It would have been beneficial if investors looked to understand what is actually going on in China and the motivations behind recent policies.

Chinese authorities have grasped the need for structural changes to their economy.

There is an intentional effort to balance the economy from focusing on just the two cornerstones which were high exports and heavy investment into commercial and public infrastructure.

These have been successful in making China a competitive supply economy, and Western investors have profited immensely from these policies.

Chinese consumers, though, have not had adequate ascent in income to sustain this supply economy.

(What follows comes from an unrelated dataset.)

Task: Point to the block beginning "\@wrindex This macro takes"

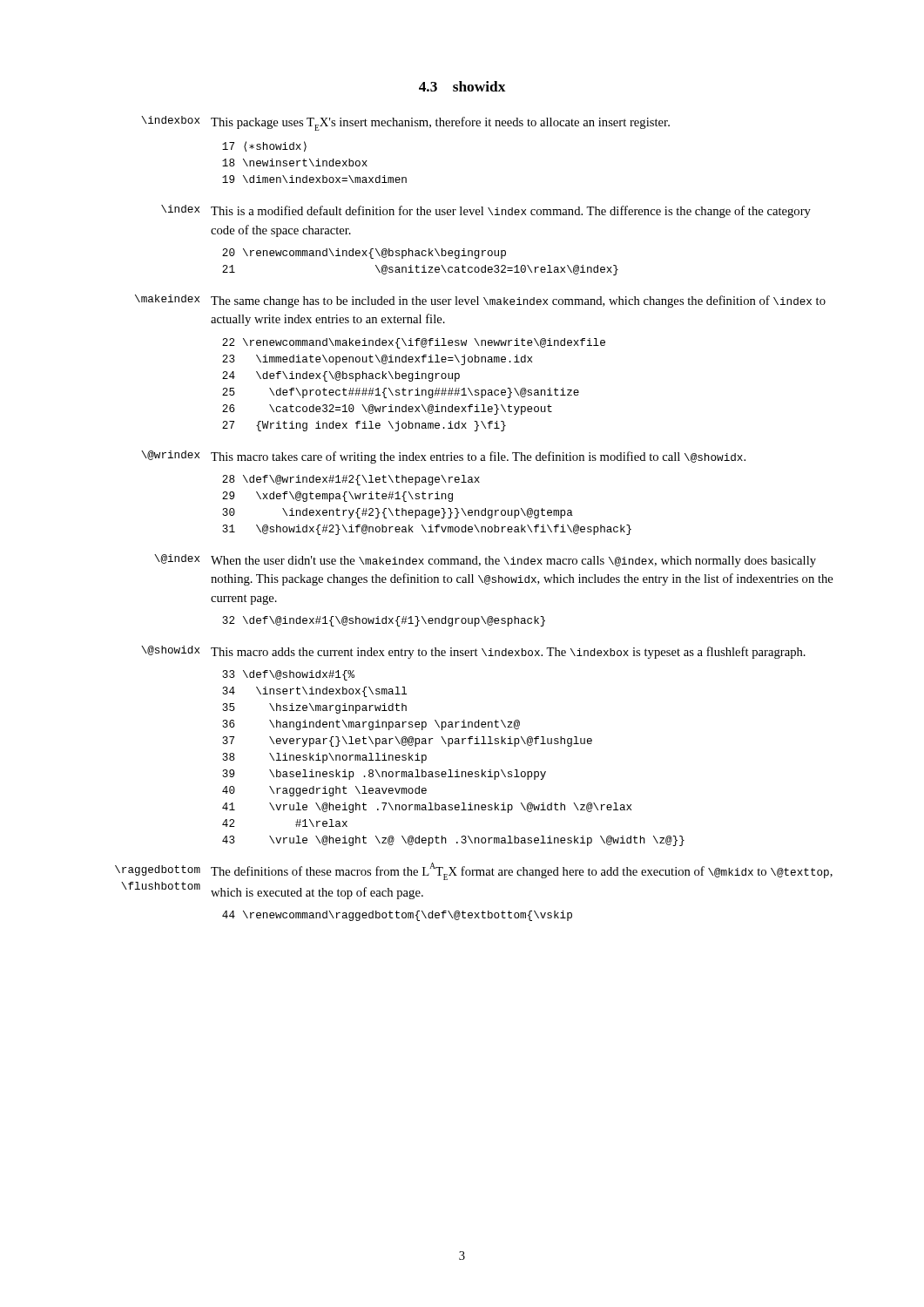Action: tap(462, 495)

The story can be told through multiple narratives from the vacant business malls and commercial real estate across regions of the country, to the low rate of household savings.

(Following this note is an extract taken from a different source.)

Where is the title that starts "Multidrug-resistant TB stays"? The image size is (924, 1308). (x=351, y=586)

China has to diversify its economy by promoting more middle-income opportunities.

That means a conscious structural change towards an innovation-based economy which will sustainably raise incomes of a growing skilled labour force.

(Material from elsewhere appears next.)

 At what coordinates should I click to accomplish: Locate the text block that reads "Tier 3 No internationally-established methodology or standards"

Wisely, China has not waited for investors to kicks-tart its industries. That government’s five-year plan includes spending US$1,7 trillion on sectors including IT and green energy.

Western investors have not taken to this macro-economic analysis. Instead, according to narratives advanced by Western news organisations, China is culpable of causing panic in capital markets.

This is regardless of the fact that China actually achieved its planned half-year growth rate target of seven percent.

Impressions are meant to depict China as threatening further global slowdown; ignoring the fact, of course, that the Eurozone at the moment is really the grand laggard among major economies.

There’s hypocrisy in conveying China’s currency devaluation as mercantile or insensitive to the effects to the global economy.

Devaluation is a reasonable response to a falling demand for Chinese exports by depressed Western markets failing to stimulate their economies.

Moreover, a few months ago, the US federal reserve proclaimed that when making monetary decisions, it should not be held to expectations as the world’s central bank.

On the periphery of this argument, it is true that China’s recent moves have also affected Africa and so-called emerging markets.

To what extent is it China’s fault that African economies have not bothered to diversify so as to mitigate commodity dependence or Chinese investment?

My aim is not to launch a diatribe against Western financial investors.

Instead, I hope to illuminate how short-term financialised capitalism has become the self-preserving, disastrous epicentre of the global economy.

Not only does it fail to reflect on its own shortcomings, it is disparaging to alternative economic approaches.

It is financialised capitalism that was behind the Great Recession of 2007 and many lesser harmful recessions before then.

It has exacerbated inequality.

But such is the power of financial capitalism that it has bought governance of the global economy such as the IMF, European Central Bank and US policy-makers.

For several years now, it has paid to enforce the dominant economic theory of our time. Austerity is nothing more than a mechanism of expediting investor payback for national debt.

So the challenge now, as markets have shown with China, is that nations are unable to structure their own economies without being held in contempt of financialised capitalism.

Argentina, Greece, Ghana and India are just a few countries that have struggled against the pressures of financialised capitalism.

Policy-makers find it difficult to attend to their respective macro-economic fundamentals without being positioned as being at odds with the demands of short-term investors.

Of course, it would be naïve to say some of these countries do not make useless policy decisions which ruin their own economies.

That happens a lot.

We also cannot deny the important role that finance and capital markets have to play in economic development.

It is just unfortunate that short-term financial capitalism has elevated to be the greatest hindrance to nations trying to design their own economies.